ACTIVITY: Leaving the pictures aside, transcribe only and exactly the lines from the one with "integer, intent(in), optional :: lim_hi" through the end of the entries, both included.

RECORDS:
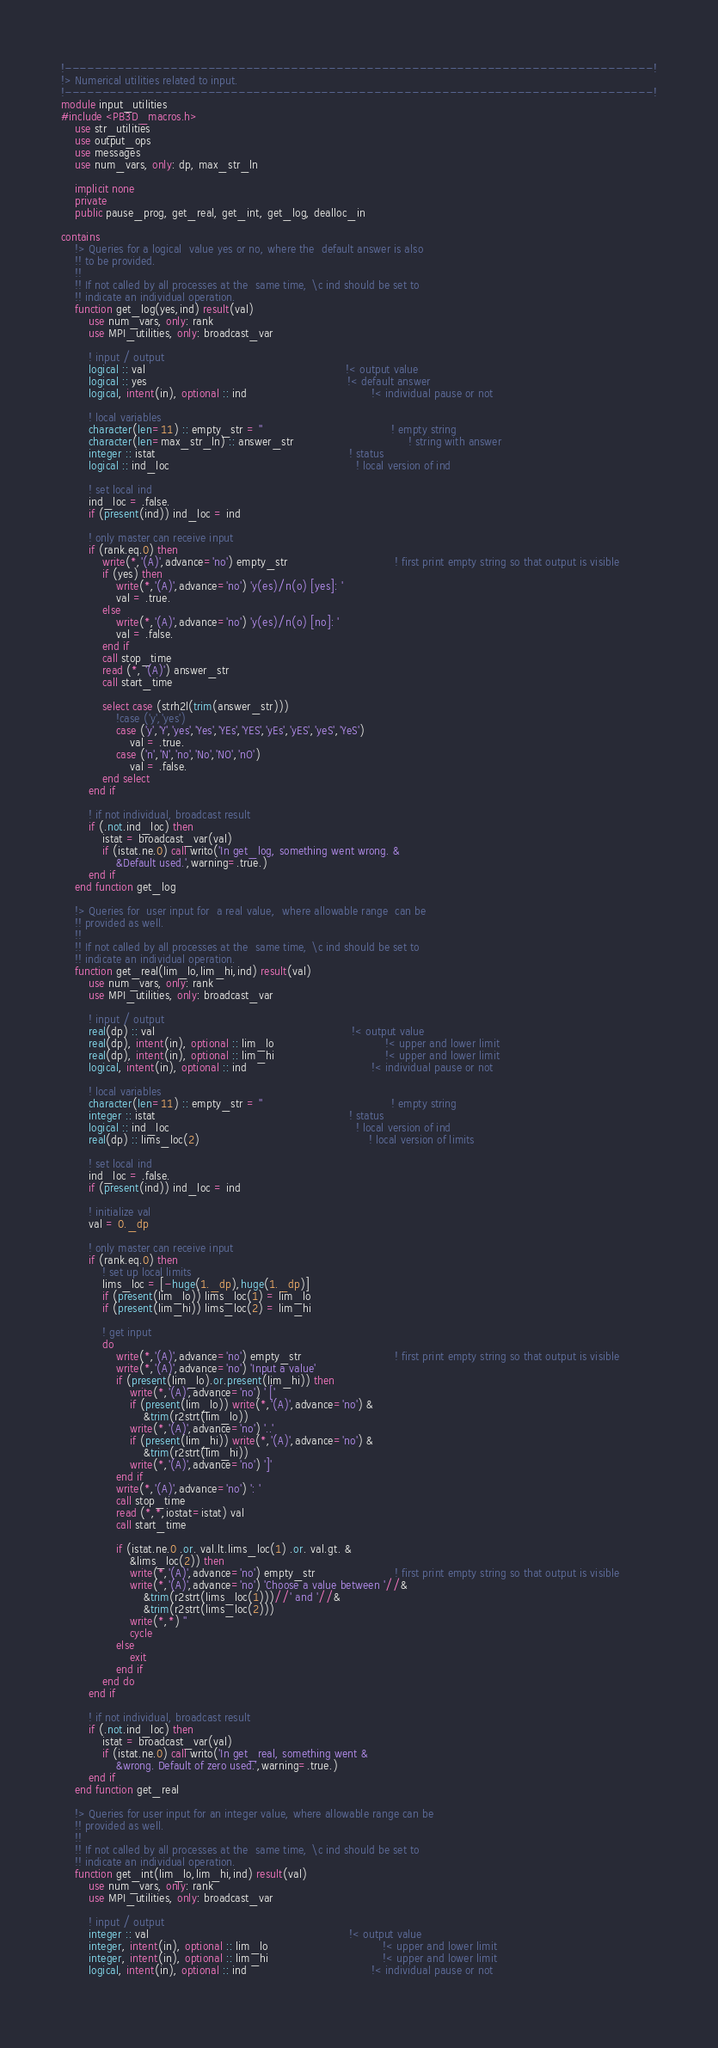<code> <loc_0><loc_0><loc_500><loc_500><_FORTRAN_>!------------------------------------------------------------------------------!
!> Numerical utilities related to input.
!------------------------------------------------------------------------------!
module input_utilities
#include <PB3D_macros.h>
    use str_utilities
    use output_ops
    use messages
    use num_vars, only: dp, max_str_ln
    
    implicit none
    private
    public pause_prog, get_real, get_int, get_log, dealloc_in
    
contains
    !> Queries for a logical  value yes or no, where the  default answer is also
    !! to be provided.
    !! 
    !! If not called by all processes at the  same time, \c ind should be set to
    !! indicate an individual operation.
    function get_log(yes,ind) result(val)
        use num_vars, only: rank
        use MPI_utilities, only: broadcast_var
        
        ! input / output
        logical :: val                                                          !< output value
        logical :: yes                                                          !< default answer
        logical, intent(in), optional :: ind                                    !< individual pause or not
        
        ! local variables
        character(len=11) :: empty_str = ''                                     ! empty string
        character(len=max_str_ln) :: answer_str                                 ! string with answer
        integer :: istat                                                        ! status
        logical :: ind_loc                                                      ! local version of ind
        
        ! set local ind
        ind_loc = .false.
        if (present(ind)) ind_loc = ind
        
        ! only master can receive input
        if (rank.eq.0) then
            write(*,'(A)',advance='no') empty_str                               ! first print empty string so that output is visible
            if (yes) then
                write(*,'(A)',advance='no') 'y(es)/n(o) [yes]: '
                val = .true.
            else
                write(*,'(A)',advance='no') 'y(es)/n(o) [no]: '
                val = .false.
            end if
            call stop_time
            read (*, '(A)') answer_str
            call start_time
            
            select case (strh2l(trim(answer_str)))
                !case ('y','yes')
                case ('y','Y','yes','Yes','YEs','YES','yEs','yES','yeS','YeS')
                    val = .true.
                case ('n','N','no','No','NO','nO') 
                    val = .false.
            end select
        end if
        
        ! if not individual, broadcast result
        if (.not.ind_loc) then
            istat = broadcast_var(val)
            if (istat.ne.0) call writo('In get_log, something went wrong. &
                &Default used.',warning=.true.)
        end if
    end function get_log
    
    !> Queries for  user input for  a real value,  where allowable range  can be
    !! provided as well.
    !! 
    !! If not called by all processes at the  same time, \c ind should be set to
    !! indicate an individual operation.
    function get_real(lim_lo,lim_hi,ind) result(val)
        use num_vars, only: rank
        use MPI_utilities, only: broadcast_var
        
        ! input / output
        real(dp) :: val                                                         !< output value
        real(dp), intent(in), optional :: lim_lo                                !< upper and lower limit
        real(dp), intent(in), optional :: lim_hi                                !< upper and lower limit
        logical, intent(in), optional :: ind                                    !< individual pause or not
        
        ! local variables
        character(len=11) :: empty_str = ''                                     ! empty string
        integer :: istat                                                        ! status
        logical :: ind_loc                                                      ! local version of ind
        real(dp) :: lims_loc(2)                                                 ! local version of limits
        
        ! set local ind
        ind_loc = .false.
        if (present(ind)) ind_loc = ind
        
        ! initialize val
        val = 0._dp
        
        ! only master can receive input
        if (rank.eq.0) then
            ! set up local limits
            lims_loc = [-huge(1._dp),huge(1._dp)]
            if (present(lim_lo)) lims_loc(1) = lim_lo
            if (present(lim_hi)) lims_loc(2) = lim_hi
            
            ! get input
            do
                write(*,'(A)',advance='no') empty_str                           ! first print empty string so that output is visible
                write(*,'(A)',advance='no') 'Input a value'
                if (present(lim_lo).or.present(lim_hi)) then
                    write(*,'(A)',advance='no') ' ['
                    if (present(lim_lo)) write(*,'(A)',advance='no') &
                        &trim(r2strt(lim_lo))
                    write(*,'(A)',advance='no') '..'
                    if (present(lim_hi)) write(*,'(A)',advance='no') &
                        &trim(r2strt(lim_hi))
                    write(*,'(A)',advance='no') ']'
                end if
                write(*,'(A)',advance='no') ': '
                call stop_time
                read (*,*,iostat=istat) val
                call start_time
                
                if (istat.ne.0 .or. val.lt.lims_loc(1) .or. val.gt. &
                    &lims_loc(2)) then
                    write(*,'(A)',advance='no') empty_str                       ! first print empty string so that output is visible
                    write(*,'(A)',advance='no') 'Choose a value between '//&
                        &trim(r2strt(lims_loc(1)))//' and '//&
                        &trim(r2strt(lims_loc(2)))
                    write(*,*) ''
                    cycle
                else
                    exit
                end if
            end do
        end if
        
        ! if not individual, broadcast result
        if (.not.ind_loc) then
            istat = broadcast_var(val)
            if (istat.ne.0) call writo('In get_real, something went &
                &wrong. Default of zero used.',warning=.true.)
        end if
    end function get_real
    
    !> Queries for user input for an integer value, where allowable range can be
    !! provided as well.
    !! 
    !! If not called by all processes at the  same time, \c ind should be set to
    !! indicate an individual operation.
    function get_int(lim_lo,lim_hi,ind) result(val)
        use num_vars, only: rank
        use MPI_utilities, only: broadcast_var
        
        ! input / output
        integer :: val                                                          !< output value
        integer, intent(in), optional :: lim_lo                                 !< upper and lower limit
        integer, intent(in), optional :: lim_hi                                 !< upper and lower limit
        logical, intent(in), optional :: ind                                    !< individual pause or not
        </code> 
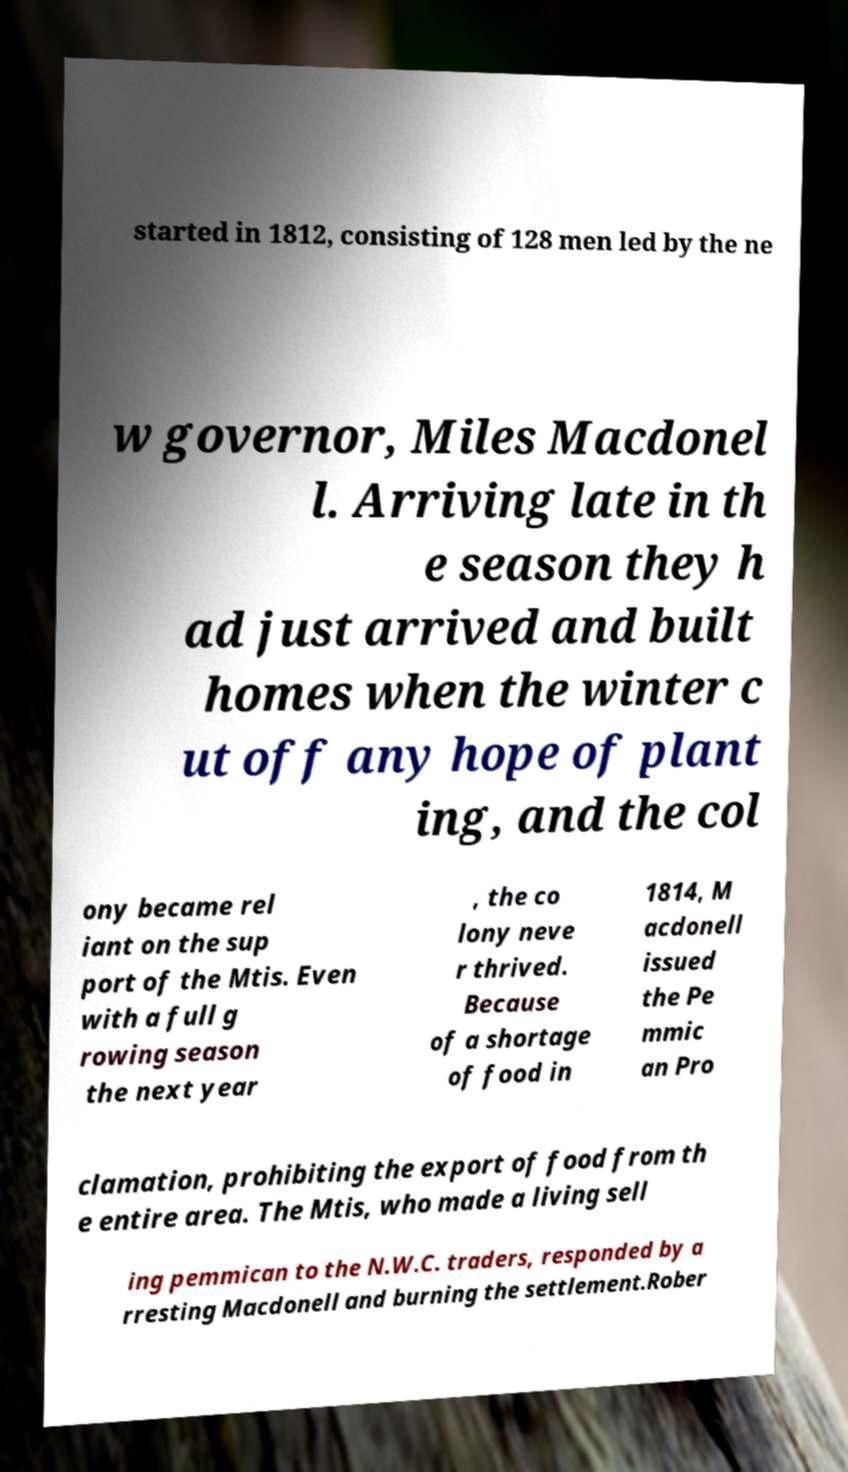Could you assist in decoding the text presented in this image and type it out clearly? started in 1812, consisting of 128 men led by the ne w governor, Miles Macdonel l. Arriving late in th e season they h ad just arrived and built homes when the winter c ut off any hope of plant ing, and the col ony became rel iant on the sup port of the Mtis. Even with a full g rowing season the next year , the co lony neve r thrived. Because of a shortage of food in 1814, M acdonell issued the Pe mmic an Pro clamation, prohibiting the export of food from th e entire area. The Mtis, who made a living sell ing pemmican to the N.W.C. traders, responded by a rresting Macdonell and burning the settlement.Rober 
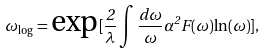<formula> <loc_0><loc_0><loc_500><loc_500>\omega _ { \log } = \text {exp} [ \frac { 2 } { \lambda } \int { \frac { d \omega } { \omega } \alpha ^ { 2 } F ( \omega ) { \ln } ( \omega ) } ] ,</formula>

FINISHED TASK:
        integer, intent(in), optional :: lim_hi                                 !< upper and lower limit
        logical, intent(in), optional :: ind                                    !< individual pause or not
        </code> 
Could you assist in decoding the text presented in this image and type it out clearly? started in 1812, consisting of 128 men led by the ne w governor, Miles Macdonel l. Arriving late in th e season they h ad just arrived and built homes when the winter c ut off any hope of plant ing, and the col ony became rel iant on the sup port of the Mtis. Even with a full g rowing season the next year , the co lony neve r thrived. Because of a shortage of food in 1814, M acdonell issued the Pe mmic an Pro clamation, prohibiting the export of food from th e entire area. The Mtis, who made a living sell ing pemmican to the N.W.C. traders, responded by a rresting Macdonell and burning the settlement.Rober 
<formula> <loc_0><loc_0><loc_500><loc_500>\omega _ { \log } = \text {exp} [ \frac { 2 } { \lambda } \int { \frac { d \omega } { \omega } \alpha ^ { 2 } F ( \omega ) { \ln } ( \omega ) } ] ,</formula>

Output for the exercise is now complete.